I think most folks around here use B+W filters (myself included) and are less familiar with Hoyas. I read a very favorable article stating their HD line is of fine quality, and purchased one for my one and only EF-S lens, and it performs fine. Can't help with the rest of their line though...


----------



## Mt Spokane Photography (Mar 10, 2013)

I'd be a little careful buying filters on ebay. They are so easy to counterfit that there are tons of them being sold. 

You might be better off buying Quantaray, they are claimed to be currently produced by THK, same as Hoya (USA) and Kenko (Europe). 

THK is a acronym for Tokina, Hoya, Kenko and is the parent company.


----------



## eyeland (Mar 10, 2013)

Mt Spokane Photography said:


> I'd be a little careful buying filters on ebay. They are so easy to counterfit that there are tons of them being sold.

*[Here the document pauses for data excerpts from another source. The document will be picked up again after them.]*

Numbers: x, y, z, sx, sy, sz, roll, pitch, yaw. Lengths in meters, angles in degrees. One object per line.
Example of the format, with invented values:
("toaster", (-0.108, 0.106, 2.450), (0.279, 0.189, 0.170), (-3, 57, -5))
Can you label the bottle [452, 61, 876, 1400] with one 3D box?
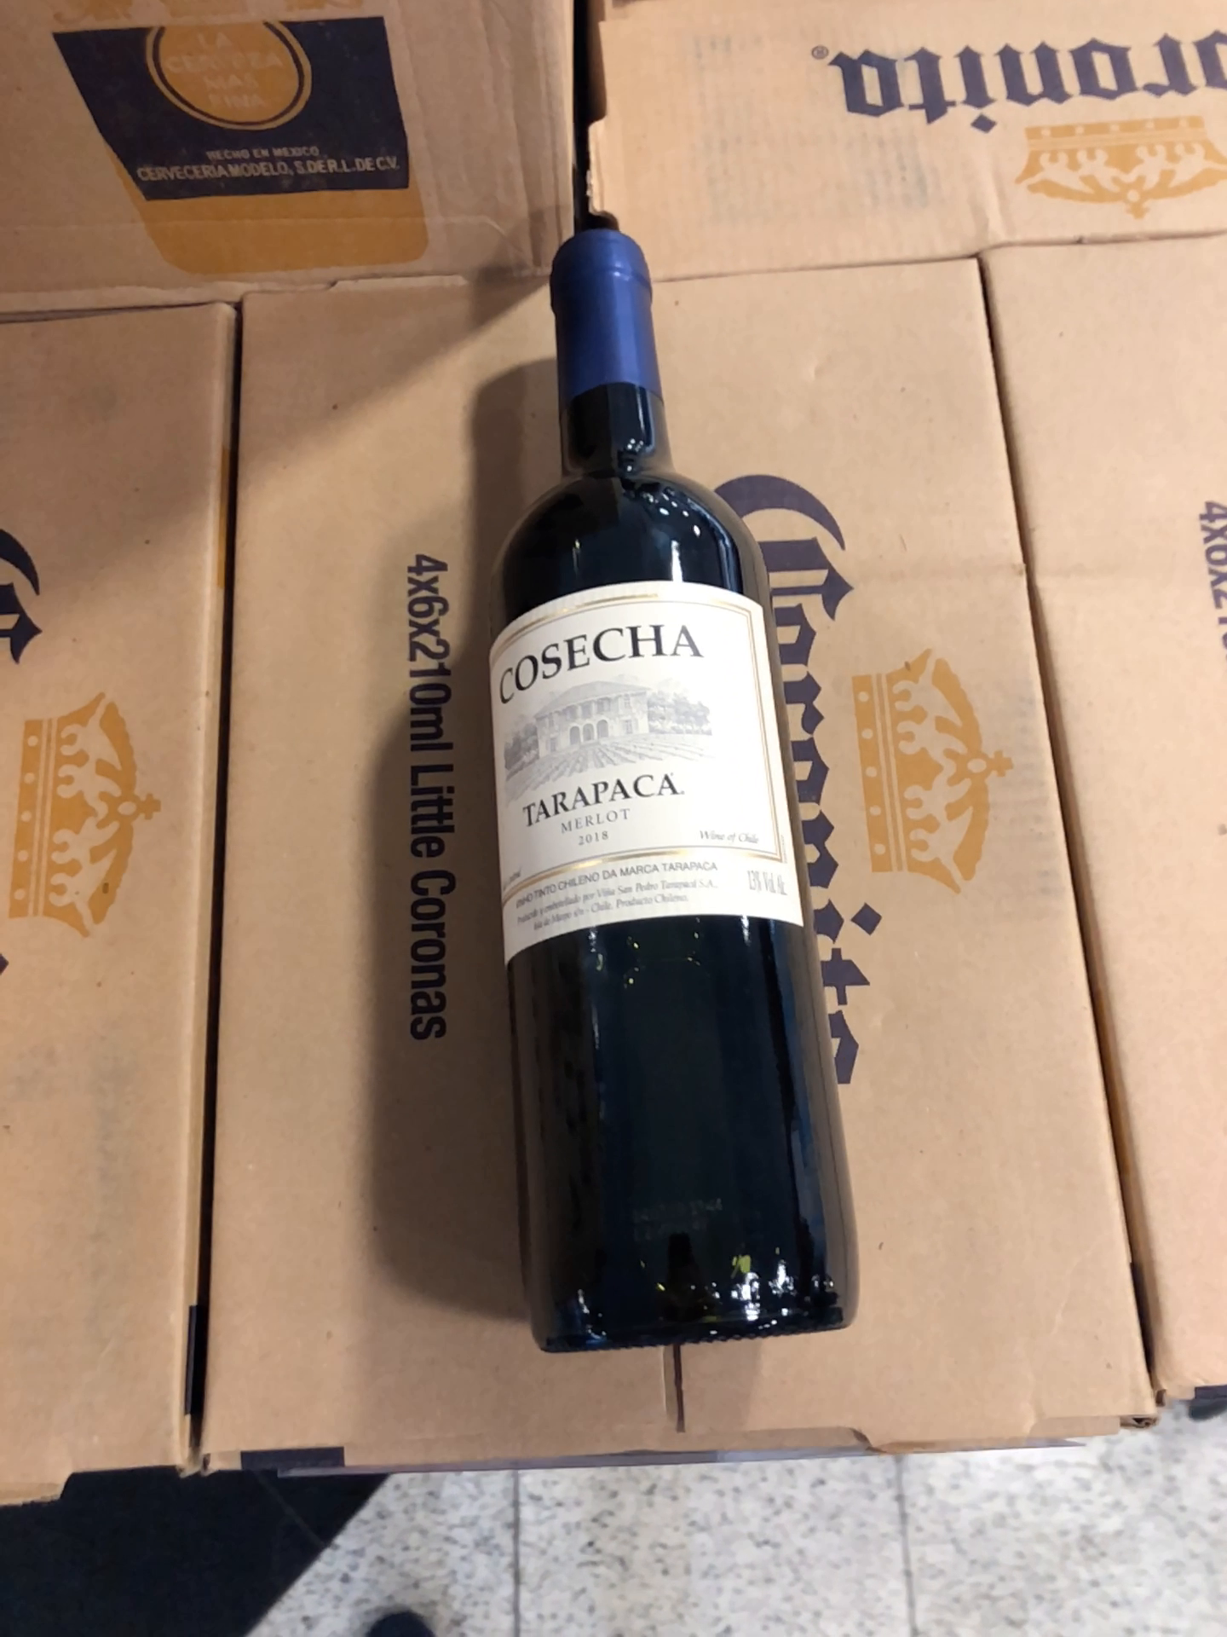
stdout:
("bottle", (-0.001, -0.039, 0.335), (0.070, 0.060, 0.331), (1, 67, -10))

I see. That is frustrating as the prices of filters at my current location is as insane (almost) as memory cards.
I had good experiences with ebay in general seeing as most sellers provide full refunds if/when I complain that the product didn't live up to my expectations.
I guess it is very hard to determine with filters though..


----------



## Mt Spokane Photography (Mar 10, 2013)

Its difficult for a buyer to tell the counterfits, but they mostly counterfit B+W.

As long as the seller is not from China, your likely OK, most of the counterfits come from China.


----------



## eyeland (Mar 10, 2013)

well, the cheap ones I saw were from hong kong indeed 
I am usually happy with the stuff I get from china, but then again, they could just as well be very well functioning counterfits


----------



## eyeland (Mar 10, 2013)

On another note, the problem I am facing atm, is that at my current location (Israel) am I quite sure that alot of the stuff they sell here is bought from china anyways, so I could end up with counterfits even if bying in the local photo store...


----------



## bycostello (Mar 19, 2013)

UV 0 i think ..uv for well uv and 0 is that it don't block visible light as a ND would...


----------